Amish youth are permitted and even encouraged to have a "running-around time," called _rumschpringe_, before their baptism, which can be anywhere from ages 16 upward, some choosing not to be baptized until 22 or 23, although that is rare. During the _rumschpringe_ they experiment with wearing "English," or non-Amish, clothes, putting battery-operated radios and fancy decorations on their buggies, going to movies, drinking beer, and sometimes sharing an apartment and "living English." After this running-around time, approximately 85 percent of them join the Amish faith with baptism.

If someone was a runaway because they chose to stay English after their _rumschpringe_, they could continue to live outside the Amish community and still visit their family and friends with no penalties, although individual family members might choose to cut them dead.

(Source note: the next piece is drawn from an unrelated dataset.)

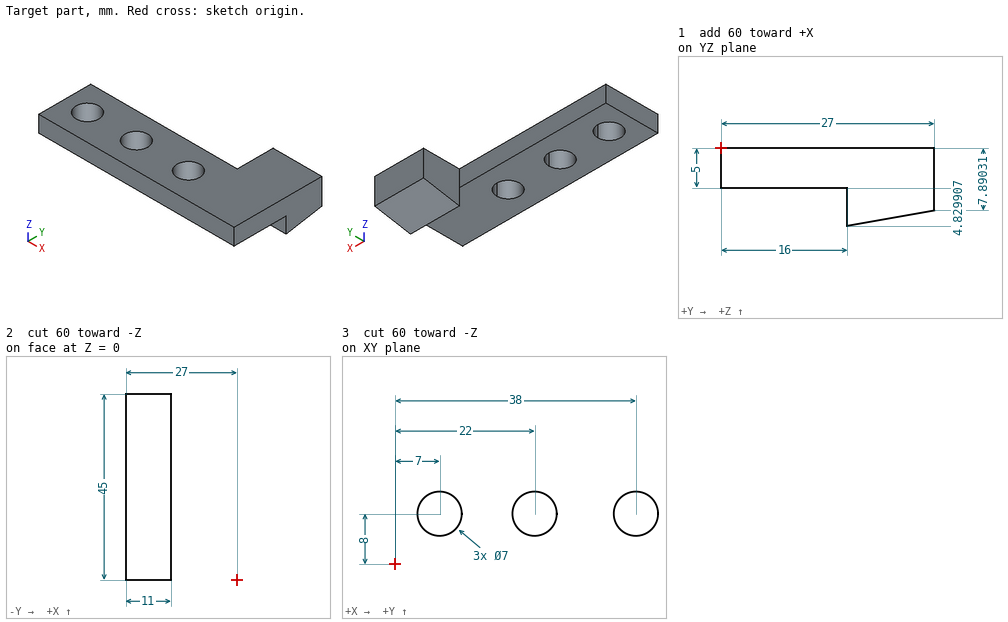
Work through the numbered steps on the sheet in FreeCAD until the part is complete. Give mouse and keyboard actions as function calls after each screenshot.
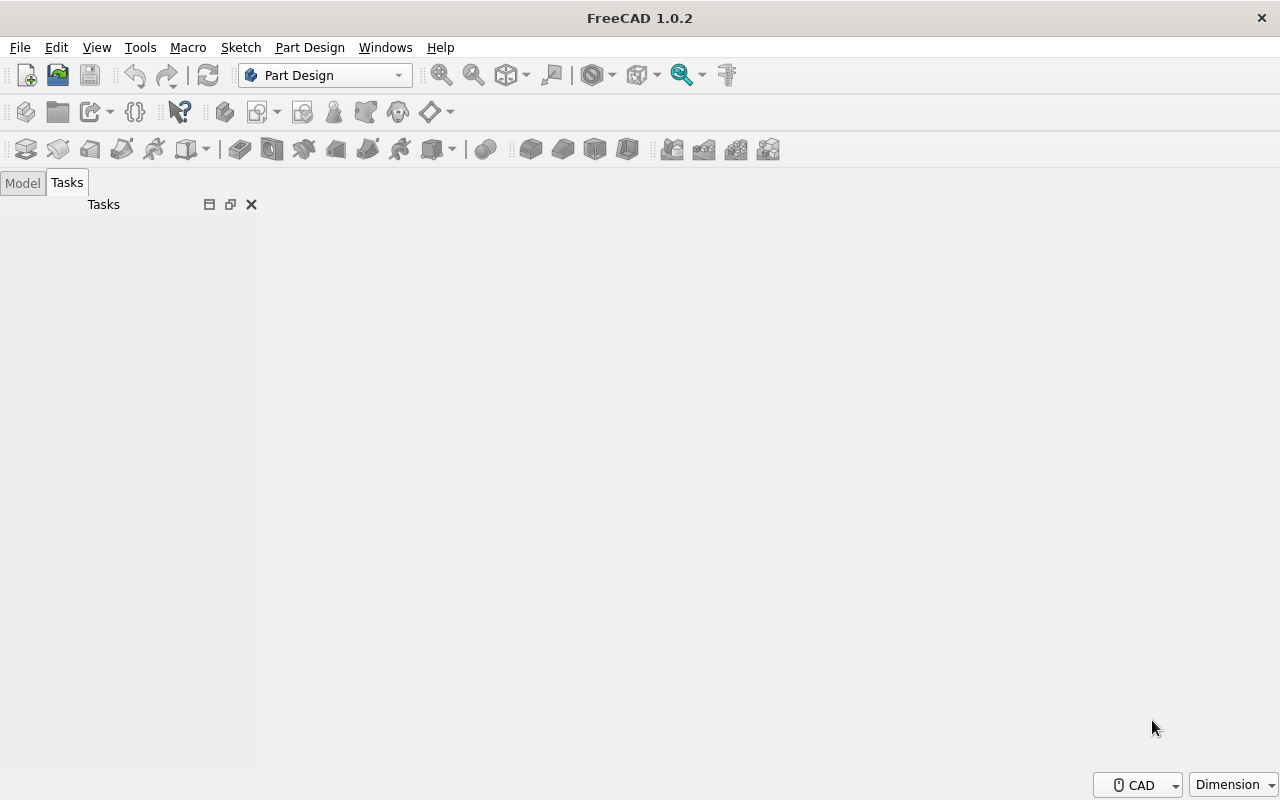
click(26, 76)

If, however, someone chose to run away after having been baptized, they would be subject to the _Meidung_, or shunning.

Someone under the _Meidung_, also called the _bann, _could not eat at the same table with an Amish person. The Amish person cannot speak to the person under the _bann nor take any item from the shunned person's hand. Family members who wish to sometimes get around those proscriptions by, for example, laying one tablecloth over two adjoining tables.

If someone already baptized ran away, the family would grieve, and would wait for word to filter back to them that the person was living English, but would not pursue the person and would certainly not bring in the police. "It's not our way," you would hear them say. 

Only in the case of an Amish person who is known to be mentally disturbed, and who runs away and is found by an Englischer or non-Amish person, would anything be done, and only then if the Amish person was found by someone who knew something about the Amish and had an idea whom to contact.

The largest Amish communities are in Ohio, Indiana, and Pennsylvania. John Hostetler (might be spelled Hostettler) has a good nonfiction overview of the Amish, although I can't recall its title.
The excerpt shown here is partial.